“What’s really happening in the basement of the Lowry Center,” a premise so bad that when a Thrill editor assigned it to me, I pretended that I didn’t come up with it. Unfortunately, she sent me a picture of what I submitted and this title was there, along with “Ten O’clock list: My favorite numbers” and “How to get to a one way ticket to Amish Pound Town before you can say ‘a man is never old before his regrets outnumber his dreams’” Anyways, I’m super busy, so I’m gonna give this bad boy ten minutes of mediocre focus and see what happens.
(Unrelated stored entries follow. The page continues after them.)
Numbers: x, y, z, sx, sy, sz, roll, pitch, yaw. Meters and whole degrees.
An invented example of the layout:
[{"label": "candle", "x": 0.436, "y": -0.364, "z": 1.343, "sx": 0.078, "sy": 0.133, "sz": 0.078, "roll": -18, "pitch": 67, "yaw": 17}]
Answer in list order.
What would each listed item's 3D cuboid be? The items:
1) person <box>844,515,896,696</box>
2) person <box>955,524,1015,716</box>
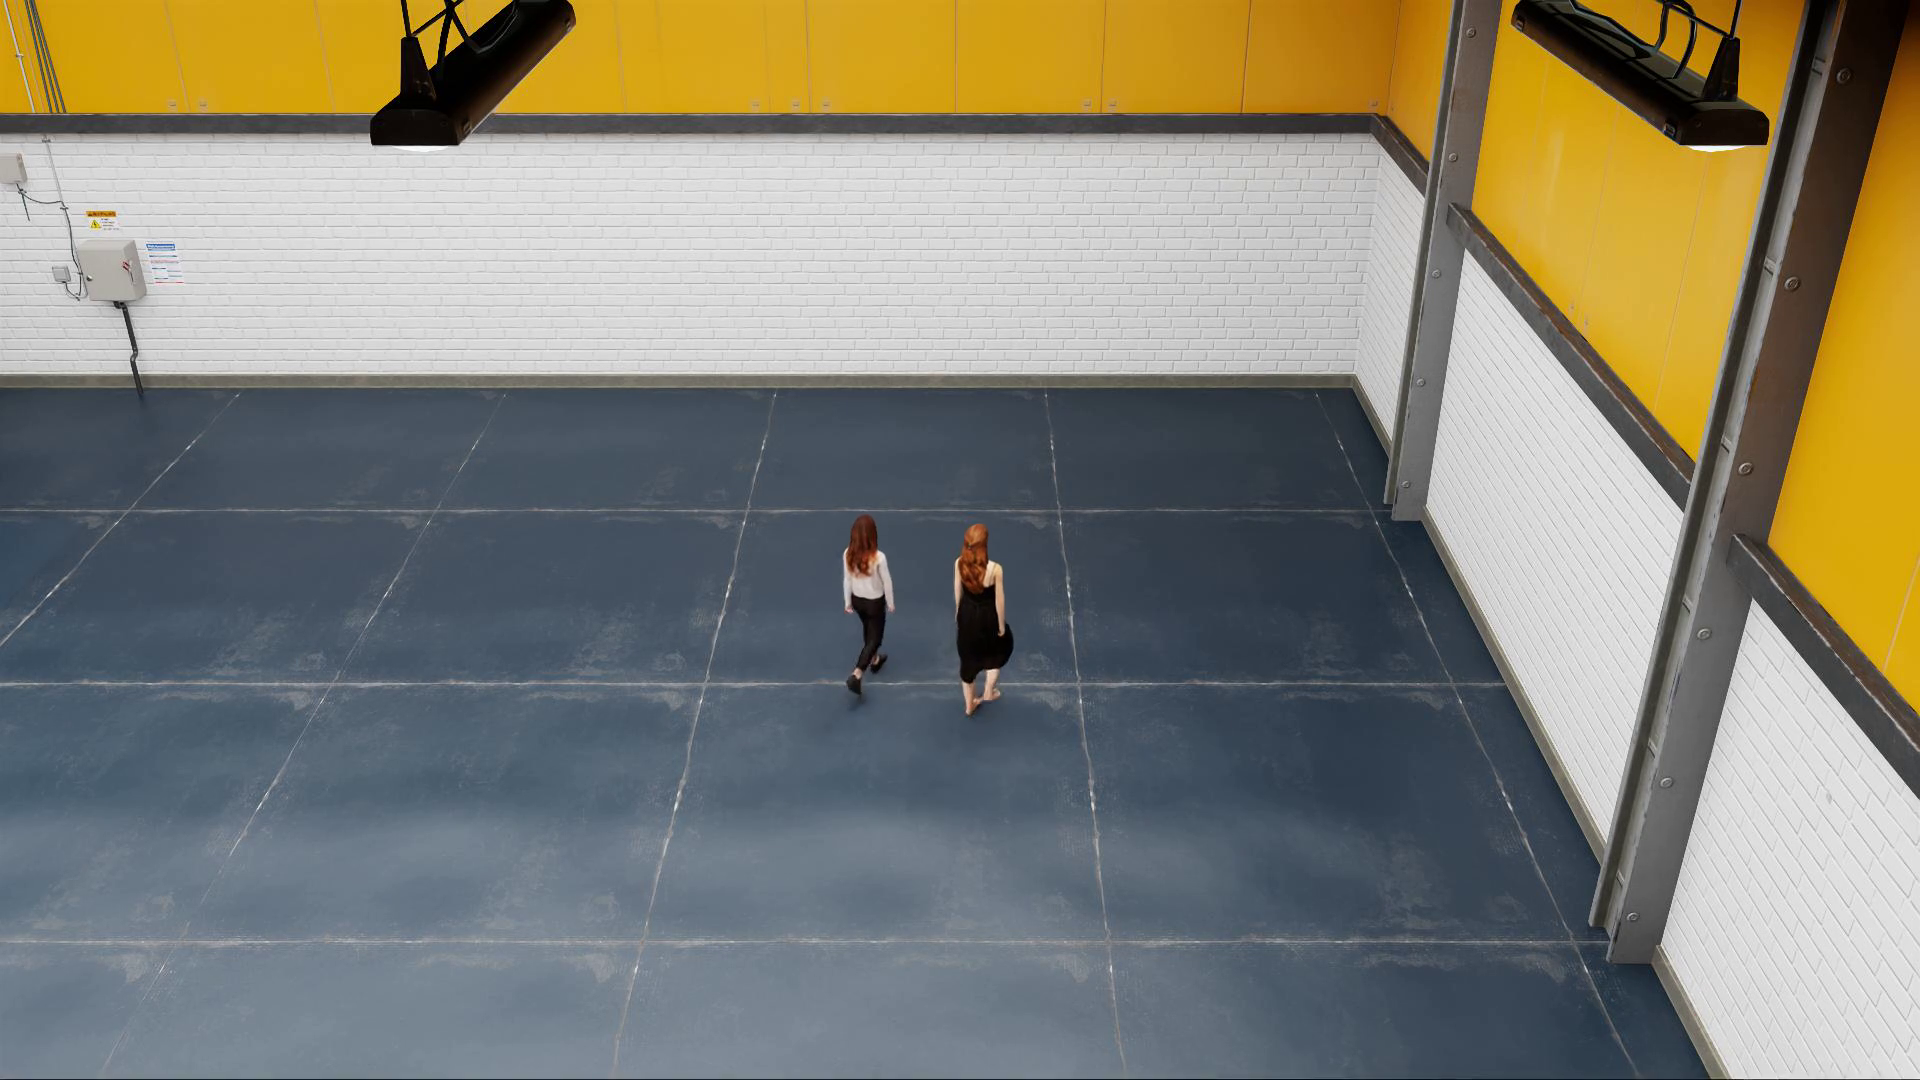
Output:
[{"label": "person", "x": -0.733, "y": 0.519, "z": 12.984, "sx": 0.805, "sy": 1.465, "sz": 1.011, "roll": 13, "pitch": 31, "yaw": 23}, {"label": "person", "x": 0.112, "y": 0.648, "z": 12.592, "sx": 0.696, "sy": 1.613, "sz": 0.746, "roll": 11, "pitch": 30, "yaw": 19}]

I guess what’s really happening in the basement of the Lowry Center is that a few people are playing squash by themselves. It’s really sad. Like, if you need to cheer up, just go watch them. Sometimes they cry and it’s really funny. What idiot would play squash alone? The same type of person who would find a gold ring on the squash courts and return it. I would, and here’s why.
Now that we’ve gotten to this paragraph I realize I don’t have a good reason for why I would play squash alone. I guess I’m just a sad sad person. As for returning lost items, I was going to pawn off the ring for some cash, but when I read the inscription on the side of the ring, it said, Honesty, Integrity, and Dignity. That and the fact that my friend Abby threatened to turn me in if I did pawn it off convinced me not to.
All I’m saying is that if the ring belonged to you, then you should give me $20. I went through a lot of hardship to return that shizzle. It was a 1-percenter version of Lord of the Rings; I had to play squash, walk up a hill, and talk to Campus Safety.
Also Abby, I wanted to let you know that I really miss you as a friend. I don’t know if it’s just because of Covid or the fact that I hacked into your gmail and sent a bunch of weird emails to fraternities and signed you up for harp lessons, but I wish that we could go down to the Lowry center sometime and play squash (in separate courts).